WHAT YOU HAVE TO DO. Reproduce the records below exactly, leaving their images out.
╭─ STUDY MATERIAL
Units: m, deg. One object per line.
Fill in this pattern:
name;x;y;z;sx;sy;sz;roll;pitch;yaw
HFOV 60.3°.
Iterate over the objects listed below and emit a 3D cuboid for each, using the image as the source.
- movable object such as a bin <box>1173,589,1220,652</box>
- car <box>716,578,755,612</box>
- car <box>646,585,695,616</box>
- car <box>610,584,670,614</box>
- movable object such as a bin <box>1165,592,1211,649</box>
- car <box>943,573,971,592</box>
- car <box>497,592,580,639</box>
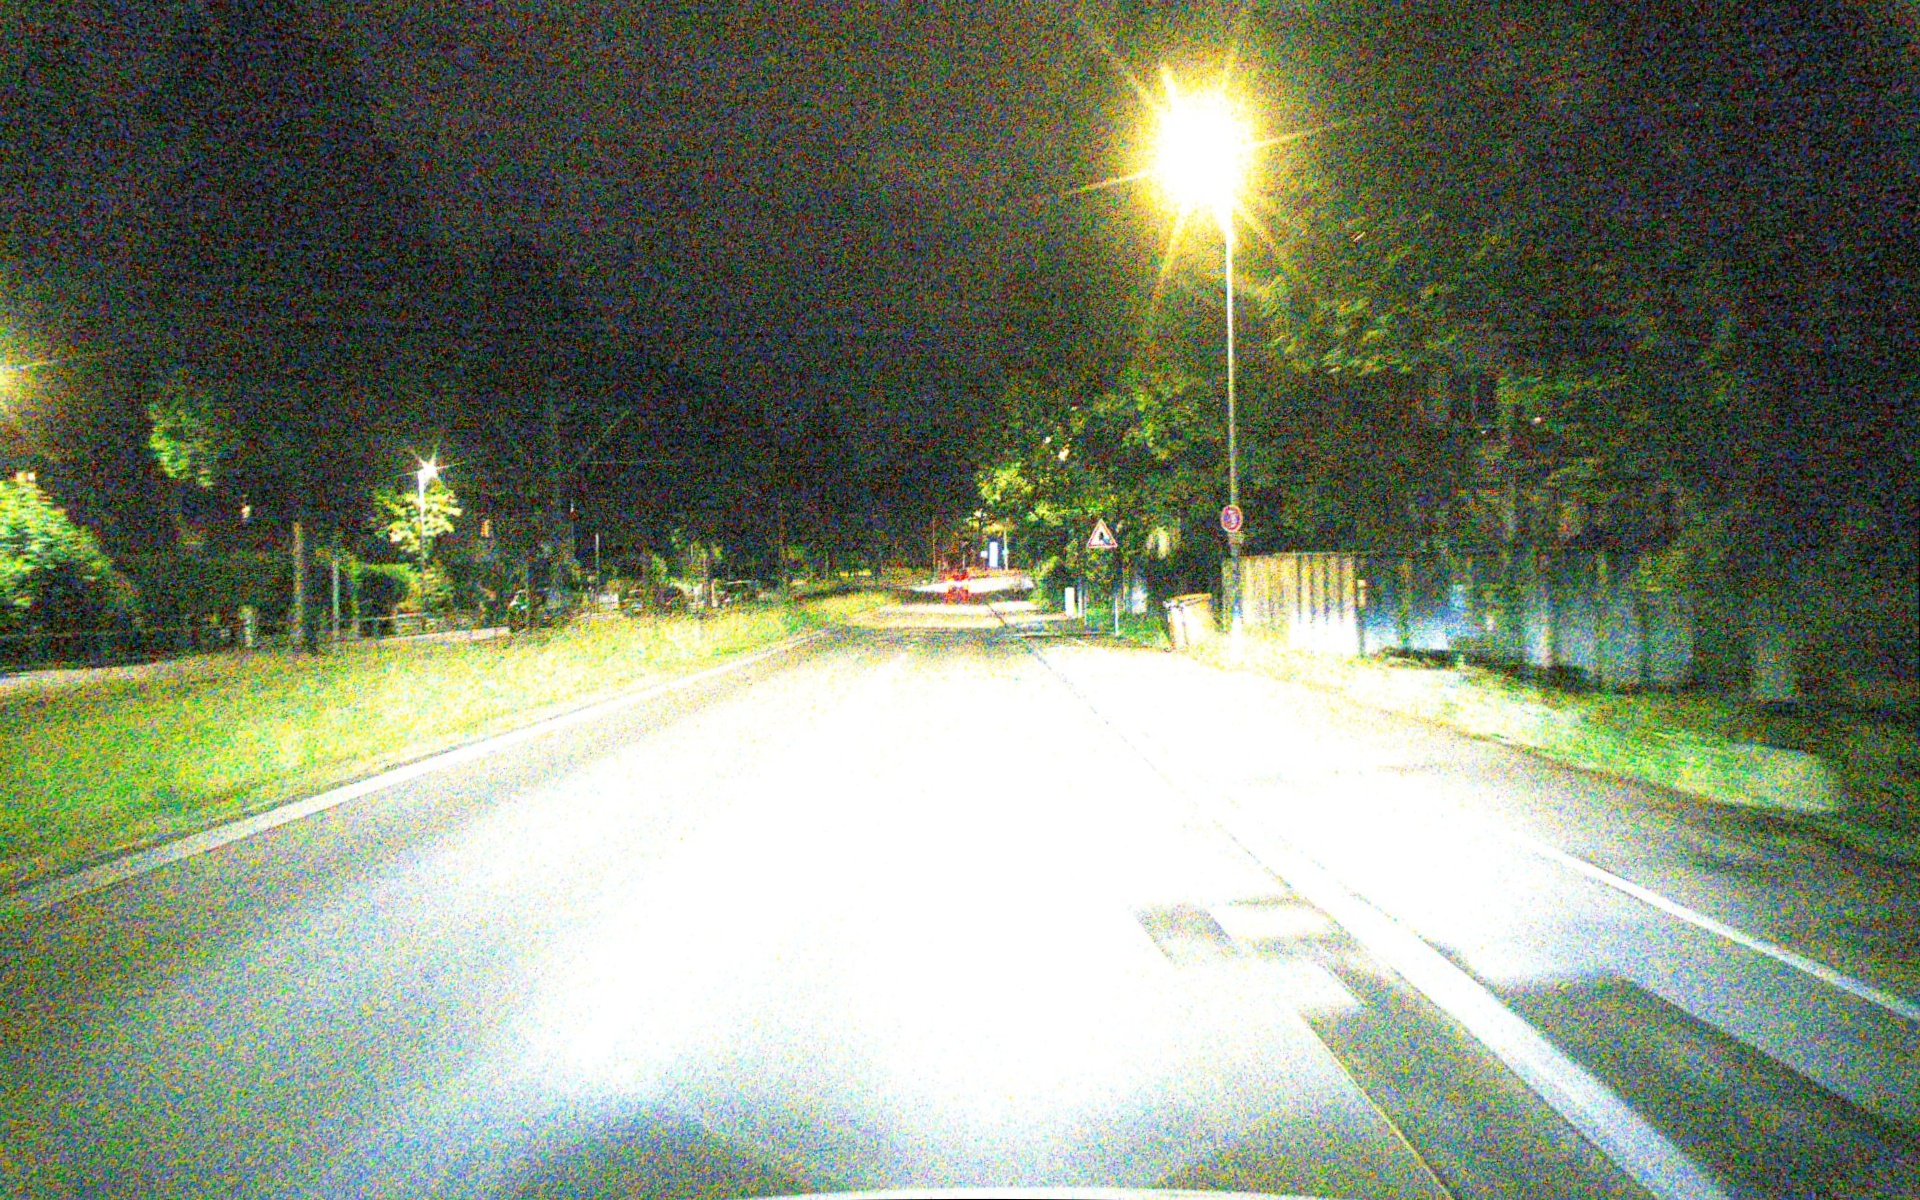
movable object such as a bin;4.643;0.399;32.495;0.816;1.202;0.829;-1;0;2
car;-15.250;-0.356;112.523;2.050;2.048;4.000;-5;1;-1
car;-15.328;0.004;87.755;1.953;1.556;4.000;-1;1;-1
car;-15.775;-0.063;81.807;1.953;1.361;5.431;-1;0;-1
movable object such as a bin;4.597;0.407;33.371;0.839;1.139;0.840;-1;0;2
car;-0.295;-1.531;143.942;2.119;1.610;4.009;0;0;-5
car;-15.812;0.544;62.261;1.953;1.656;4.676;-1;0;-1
╰─
ANSWER FOR THE TASK.
Units: m, deg. One object per line.
Fill in this pattern:
name;x;y;z;sx;sy;sz;roll;pitch;yaw
HFOV 60.3°.
Iterate over the objects listed below and emit a 3D cuboid for each, using the image as the source.
- movable object such as a bin <box>1173,589,1220,652</box>
- car <box>716,578,755,612</box>
- car <box>646,585,695,616</box>
- car <box>610,584,670,614</box>
- movable object such as a bin <box>1165,592,1211,649</box>
- car <box>943,573,971,592</box>
- car <box>497,592,580,639</box>
movable object such as a bin;4.643;0.399;32.495;0.816;1.202;0.829;-1;0;2
car;-15.250;-0.356;112.523;2.050;2.048;4.000;-5;1;-1
car;-15.328;0.004;87.755;1.953;1.556;4.000;-1;1;-1
car;-15.775;-0.063;81.807;1.953;1.361;5.431;-1;0;-1
movable object such as a bin;4.597;0.407;33.371;0.839;1.139;0.840;-1;0;2
car;-0.295;-1.531;143.942;2.119;1.610;4.009;0;0;-5
car;-15.812;0.544;62.261;1.953;1.656;4.676;-1;0;-1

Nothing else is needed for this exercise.